Muitos procuraram culpar o vício em videogames como um dos principais motivos para eles terem chegado a esse ponto. Temos jogos como Death Race, Mortal Kombat, Death Strike entre tantos outros cujo objetivo não é só derrotar um adversário, é acabar com ele definitivamente, porém diversos estudos provaram que games não incitam comportamentos violentos, o problema está lá dentro, enraizado no cerne do indivíduo, não foi o jogo que mandou ele sair armado e detonar geral, a mente problemática é que deveria ser analisada e tratada antes de cometer atos de atrocidade e existem sinais de comportamento que demonstram isso. A criação, a educação de maneira mais próxima e cuidadosa pode identificar quando algo não vai bem, mas o interesse maior em resolver os próprios problemas de suas vidas cotidianas afastam os pais e responsáveis das crianças que precisam de uma atenção maior que acabam não vendo outra opção para chamar a atenção do mundo do que fazendo uma grande besteira.
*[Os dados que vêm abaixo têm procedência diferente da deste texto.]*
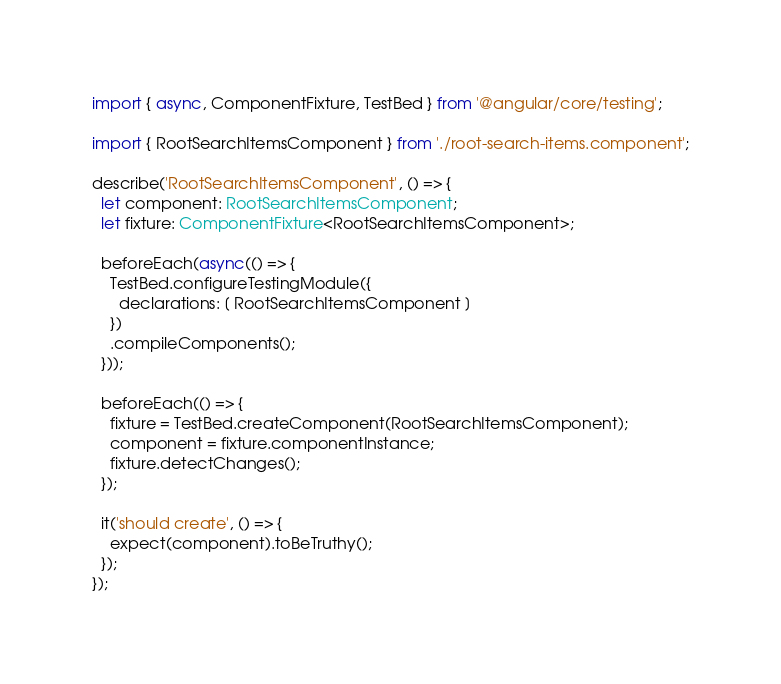<code> <loc_0><loc_0><loc_500><loc_500><_TypeScript_>import { async, ComponentFixture, TestBed } from '@angular/core/testing';

import { RootSearchItemsComponent } from './root-search-items.component';

describe('RootSearchItemsComponent', () => {
  let component: RootSearchItemsComponent;
  let fixture: ComponentFixture<RootSearchItemsComponent>;

  beforeEach(async(() => {
    TestBed.configureTestingModule({
      declarations: [ RootSearchItemsComponent ]
    })
    .compileComponents();
  }));

  beforeEach(() => {
    fixture = TestBed.createComponent(RootSearchItemsComponent);
    component = fixture.componentInstance;
    fixture.detectChanges();
  });

  it('should create', () => {
    expect(component).toBeTruthy();
  });
});
</code> 
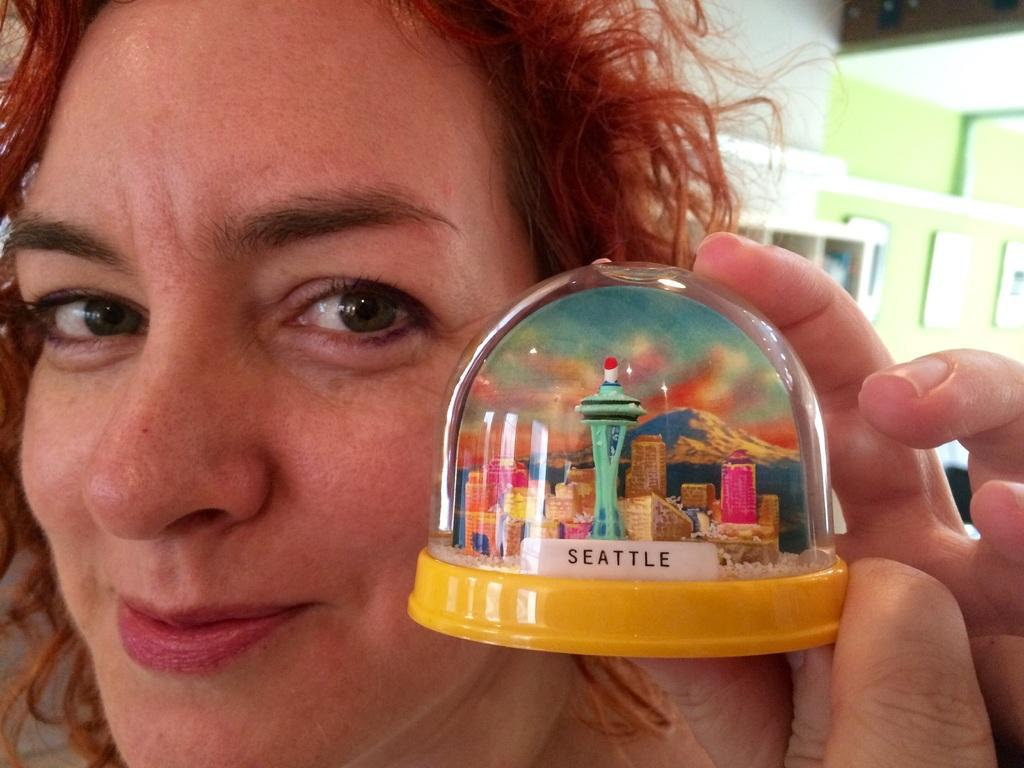Provide a one-sentence caption for the provided image. A redheaded woman is holding back a yellow-based Seattle snow globe. 
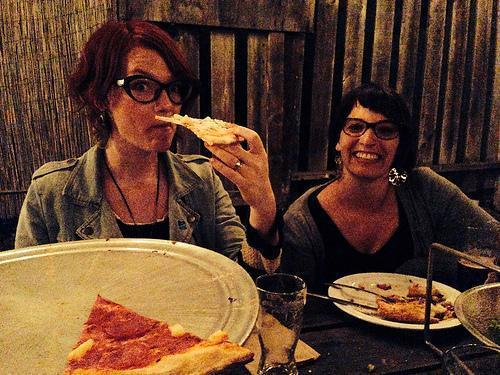How many women are there?
Give a very brief answer. 2. 
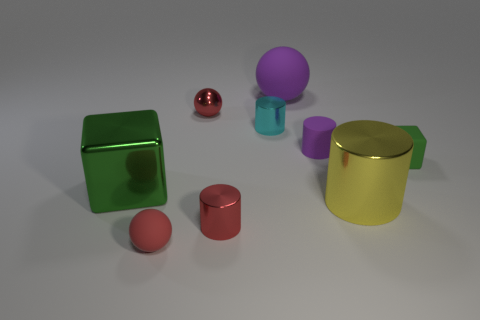Subtract all red spheres. How many spheres are left? 1 Subtract all small cyan cylinders. How many cylinders are left? 3 Subtract all spheres. How many objects are left? 6 Subtract 3 cylinders. How many cylinders are left? 1 Subtract all red cylinders. Subtract all blue blocks. How many cylinders are left? 3 Subtract all cyan balls. How many green cylinders are left? 0 Subtract all big yellow metallic cylinders. Subtract all green objects. How many objects are left? 6 Add 7 purple things. How many purple things are left? 9 Add 2 tiny green things. How many tiny green things exist? 3 Subtract 1 green blocks. How many objects are left? 8

Cresci gostando de jogos dos mais variados tipos, filmes de suspense e terror, tudo para fazer a adrenalina subir e, mesmo assim, não peguei uma arma e saí detonando geral, uma criação apropriada te faz entender que existe um limite entre a diversão e a atrocidade. Jeremy se matou por ninguém ter lhe dado atenção suficiente, Kevin matou apenas por sentir que deveria, o caso de Columbine não tem uma explicação exata até hoje, a investigação disse que os rapazes tinham diários pessoais onde relatavam que desejavam realizar um ataque como o acontecido em Oklahoma City nos anos 90 e os assassinos de Suzano, segundo entrevistados que os conheceram, compartilhavam históricos de bullying e registros nos seus perfis de apoio ao uso de armas e jogos violentos. Todos tinham problemas em comum, será que em algum momento apelaram por uma saída? Pediram ajuda e ninguém ouviu?

São perguntas que ficarão sem resposta, pois tanto nos casos reais ou nos fictícios como os que me inspiraram esse texto, os únicos que poderiam responder ou estão mortos ou estão catatônicos. Talvez o que o mundo precise mais de pais que vivam com os filhos, que andem mais com eles, do que simplesmente tentar lhes comprar o mundo para que possam satisfazer seus desejos egoístas, dormir em paz e acreditar que estão fazendo um bom trabalho.

Assim, quem sabe, massacres como esses não fiquem somente na ficção e nos videogames?